- Butch Patrick as Eddie Munster with his doll Woof-Woof
- First appearance: "Munster Masquerade"
- Last appearance: Munster, Go Home! (by Butch Patrick) Mockingbird Lane (final)
- Portrayed by: Happy Derman (1964, unaired pilot); Butch Patrick (1964–66); Bobby Diamond (1973); K. C. Martel (1981); Jason Marsden (1988–91); Mathew Botuchis (1995); Bug Hall (1996); Mason Cook (2012);

In-universe information
- Gender: Male
- Relatives: Herman Munster (father) Lily Munster (mother) Sam Dracula (grandfather) Marilyn Munster (cousin) Charlie Munster (uncle)

= Eddie Munster =

Fictional character on The Munsters

Eddie Munster is a fictional character on the CBS sitcom The Munsters. He was portrayed by Butch Patrick in all episodes of the original series except for the pilot, where he was portrayed by Happy Derman. The only child of Herman and Lily Munster, Eddie is wolf-like. The role was later played by Jason Marsden in The Munsters Today.

==Description==
Eddie is a typical boy apart from being a werewolf. He is very proud of his father, repeatedly bragging about Herman's abilities. Eddie volunteers Herman for something which is clearly beyond Herman's capabilities, but one Herman nonetheless undertakes for Eddie's sake, in several episodes.

==Production==
In the unaired pilot episode, the part was played by Nate "Happy" Derman. Butch Patrick played him in the original series.

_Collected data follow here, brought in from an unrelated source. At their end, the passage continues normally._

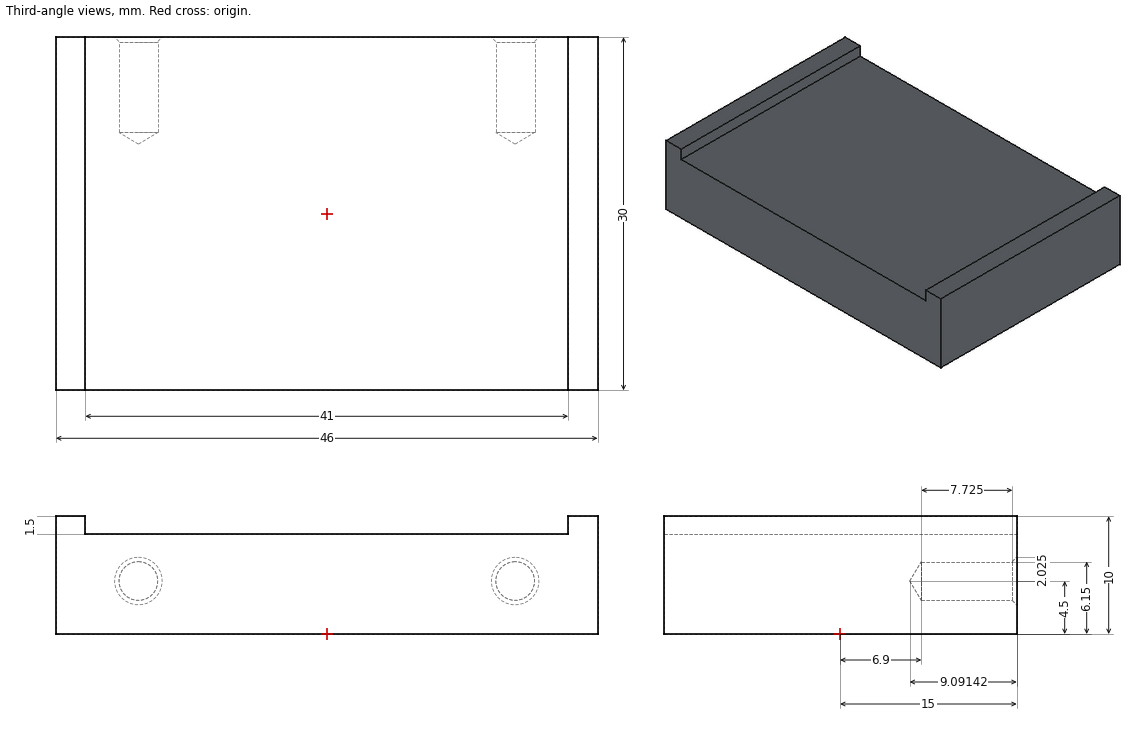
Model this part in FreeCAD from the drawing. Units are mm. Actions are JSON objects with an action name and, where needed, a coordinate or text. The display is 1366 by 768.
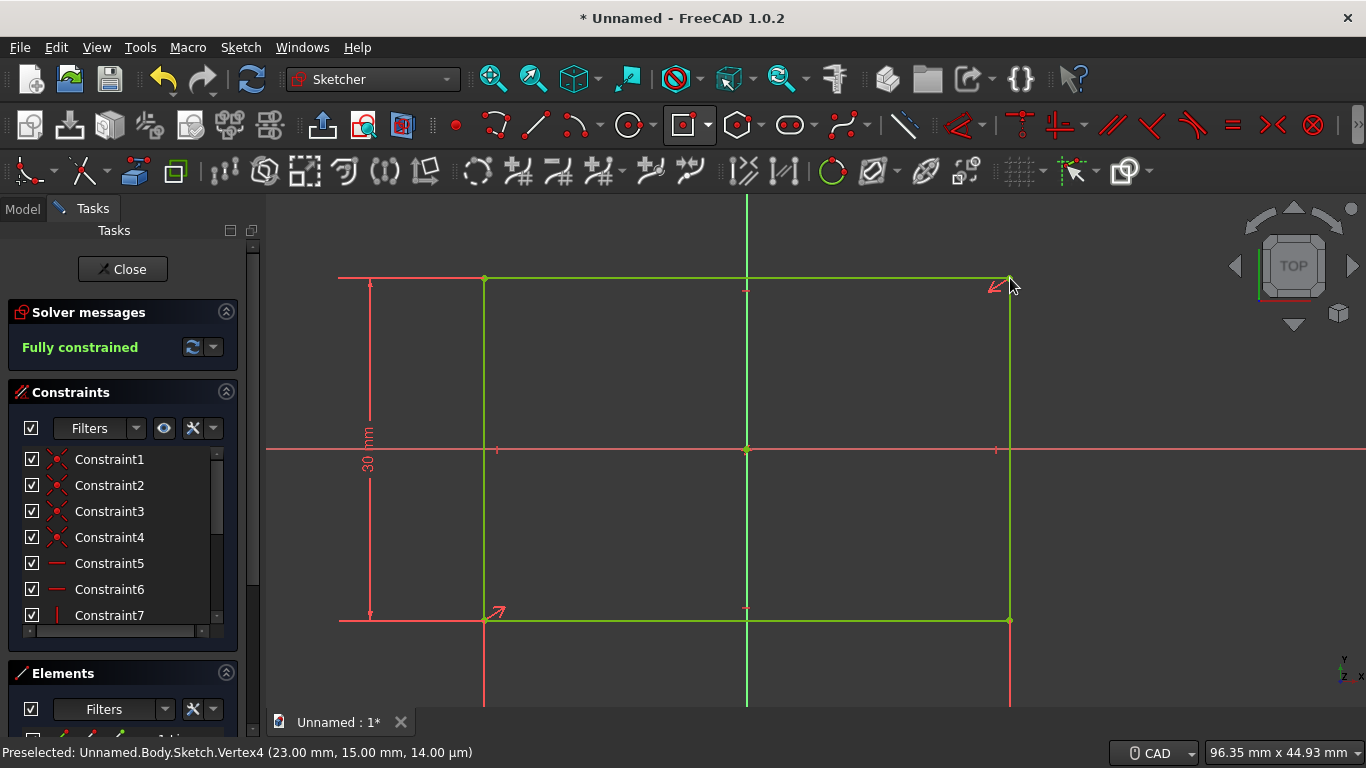
{"action": "left_click", "coordinate": [123, 269]}
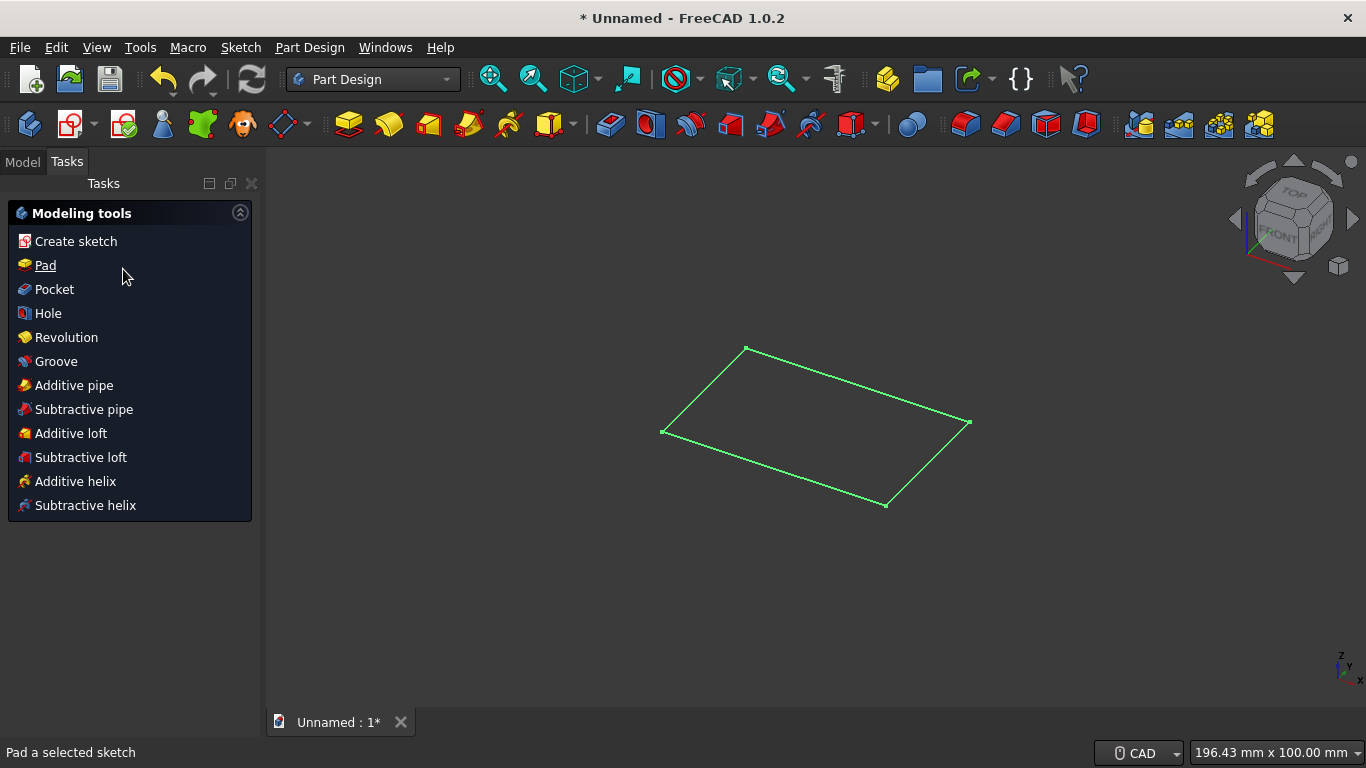
{"action": "left_click", "coordinate": [350, 124]}
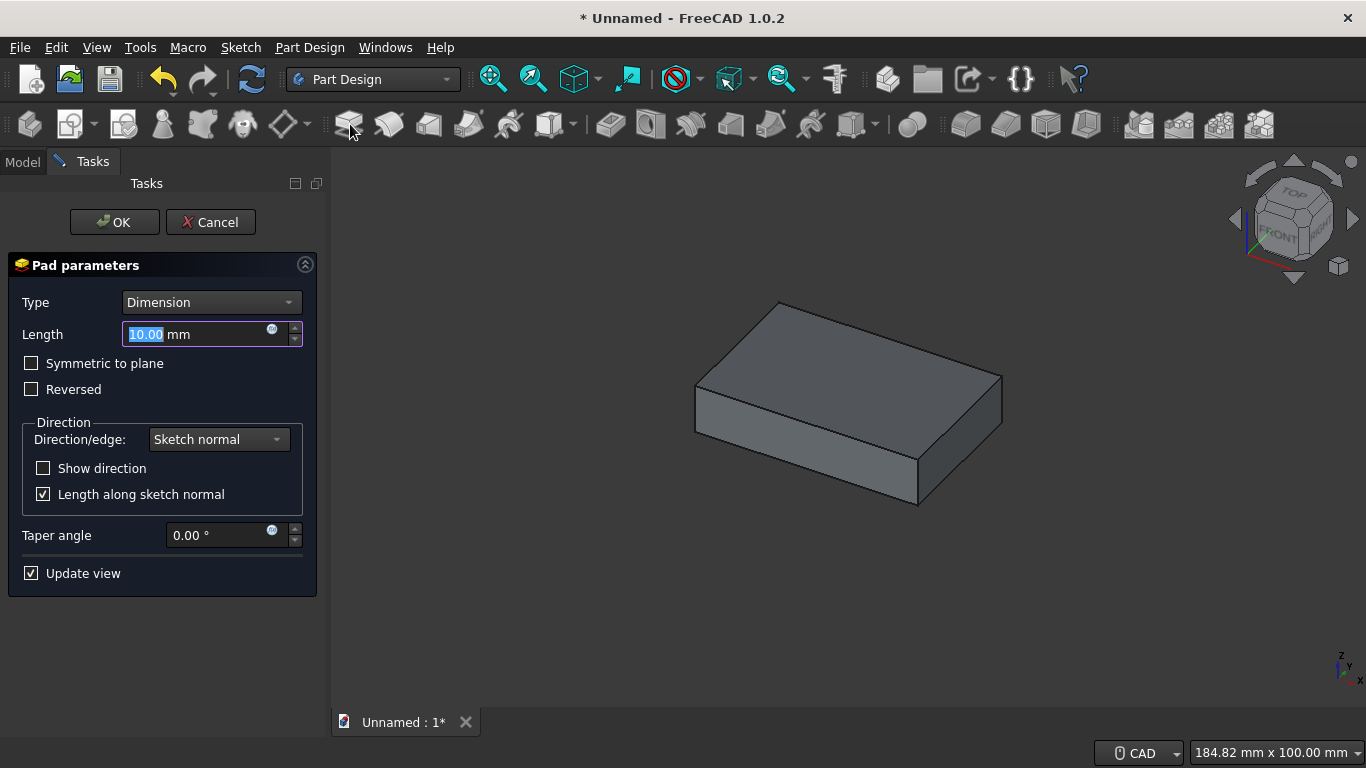
{"action": "type", "text": "10"}
{"action": "key", "text": "Tab"}
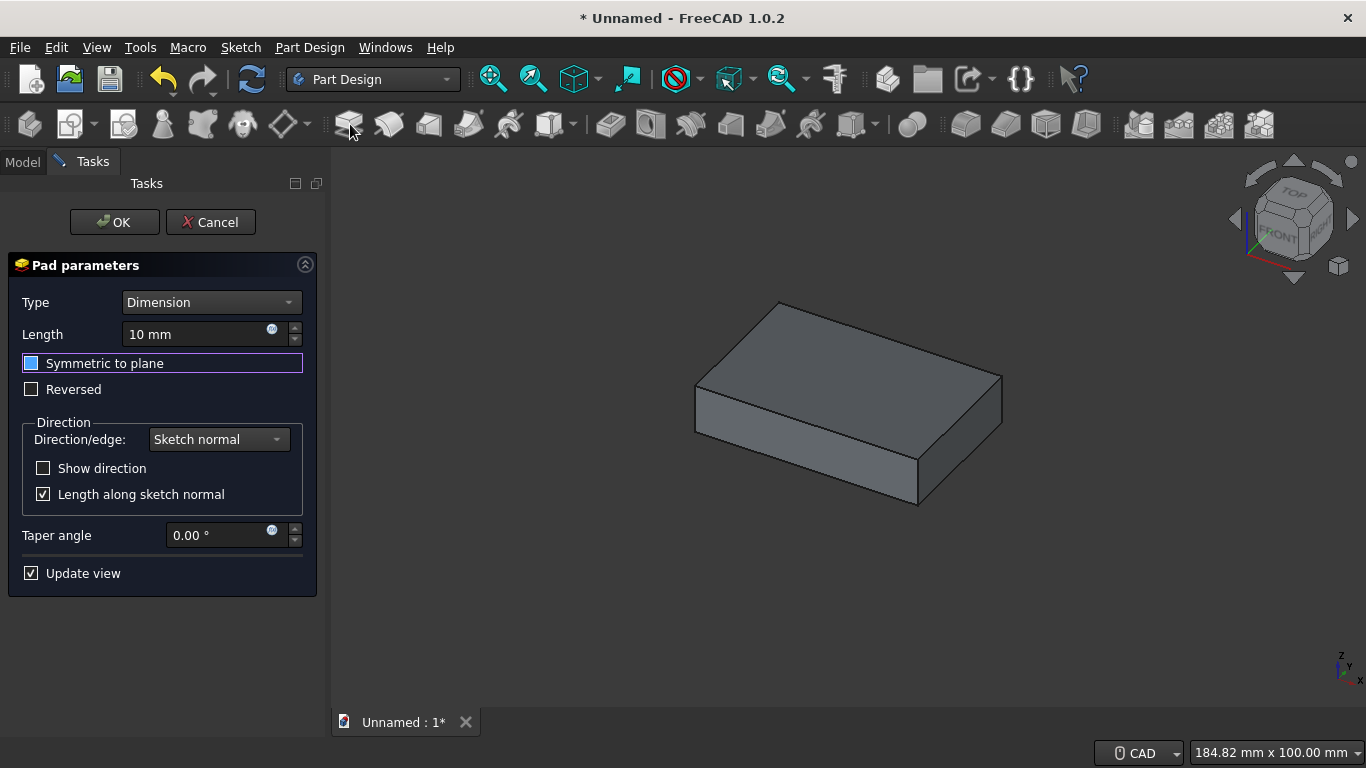
{"action": "left_click", "coordinate": [115, 222]}
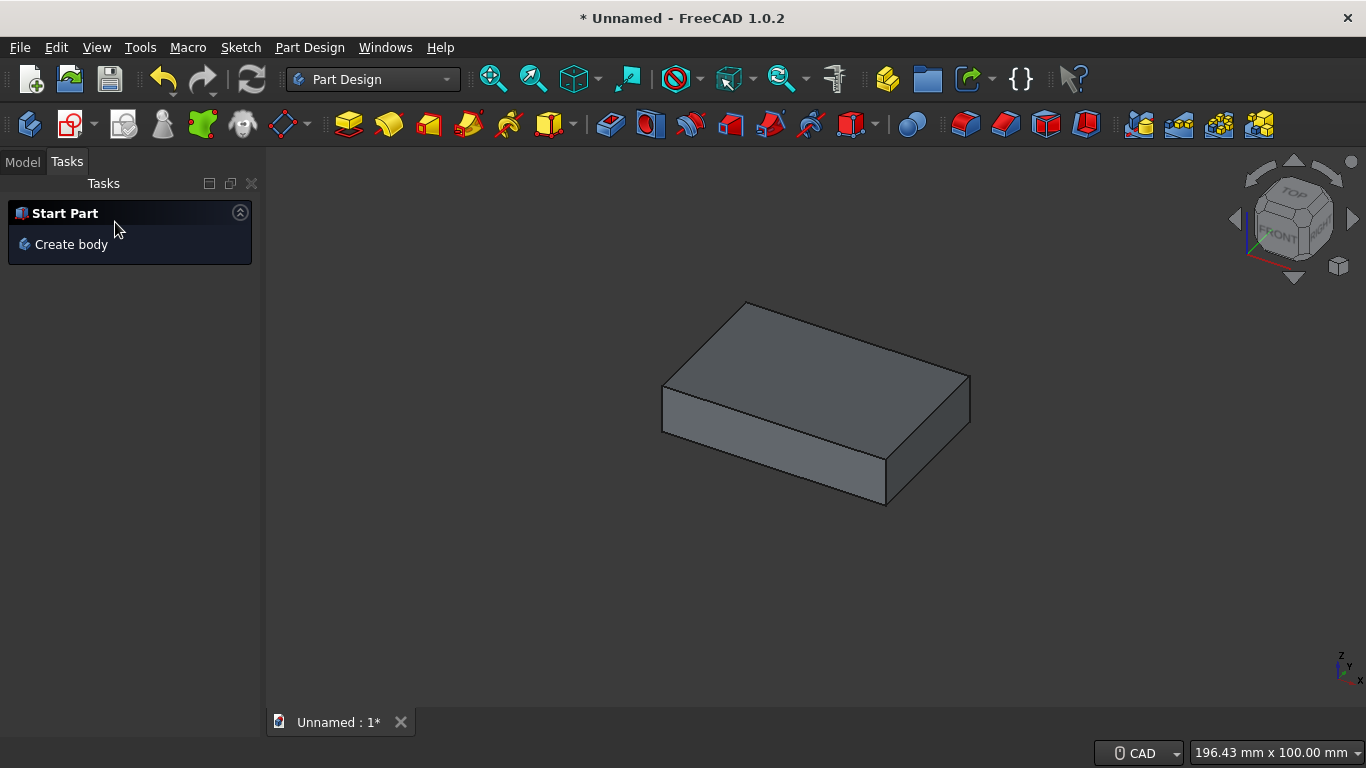
{"action": "key", "text": "v f"}
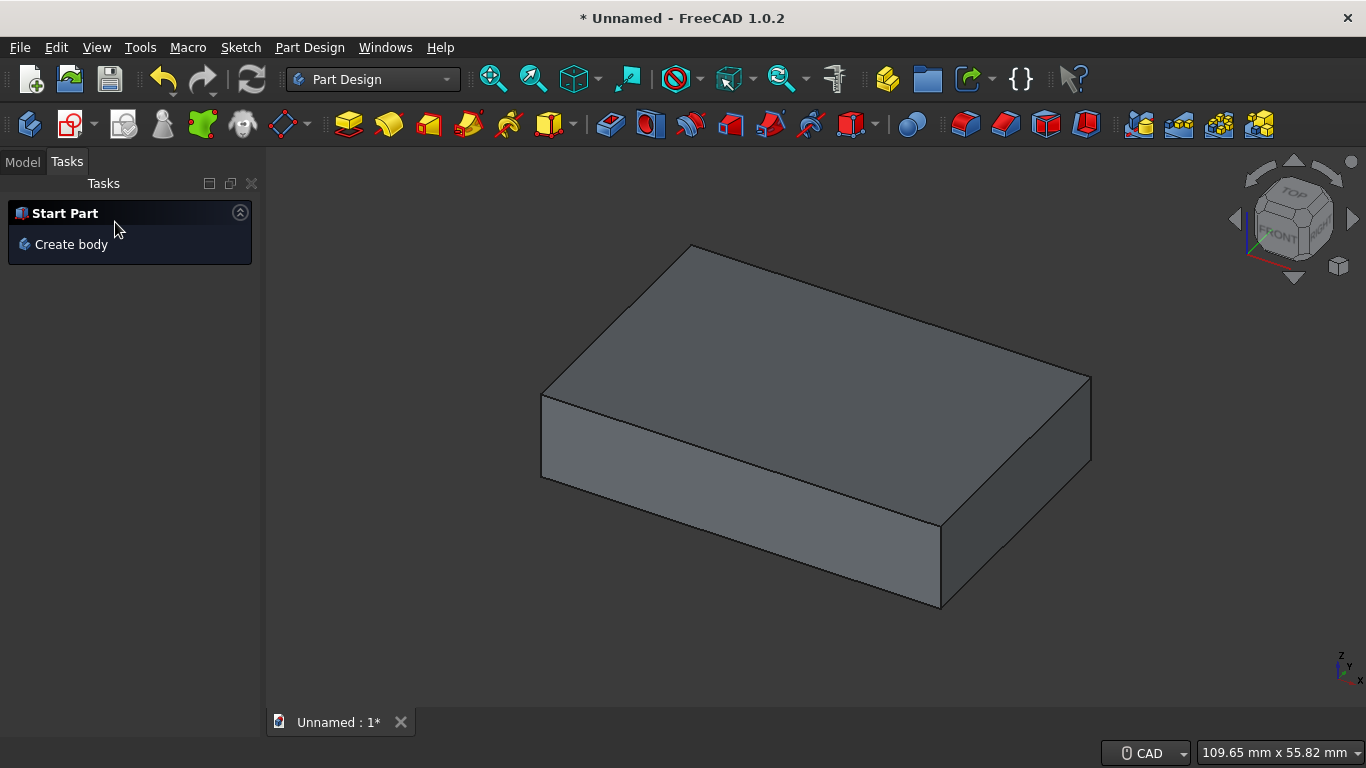
{"action": "left_click", "coordinate": [873, 404]}
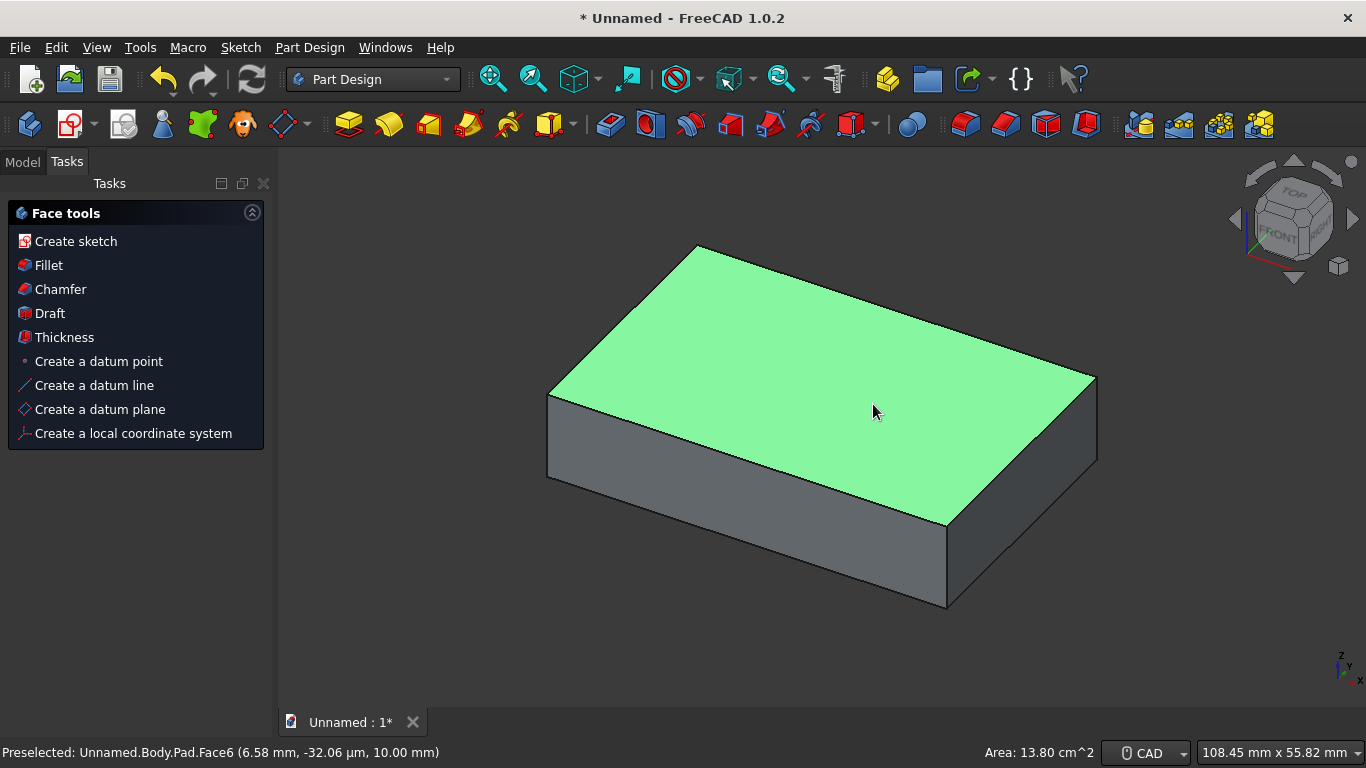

When asked how he was selected for role of Eddie, Patrick said: "I had a lot of experience. But maybe it was because my fangs were my own teeth. My teeth were so bad, that even when I closed my mouth they stuck out. I was about a head smaller than the other kids, and they liked that because it played off Herman's height."

Eddie was played by Jason Marsden in The Munsters Today. In the first season of that series, Eddie was 10 years old and in the fourth grade. He wore the same outfit that Butch Patrick wore. In seasons two and three, Eddie was depicted as being high-school aged and his wardrobe became increasingly modernized.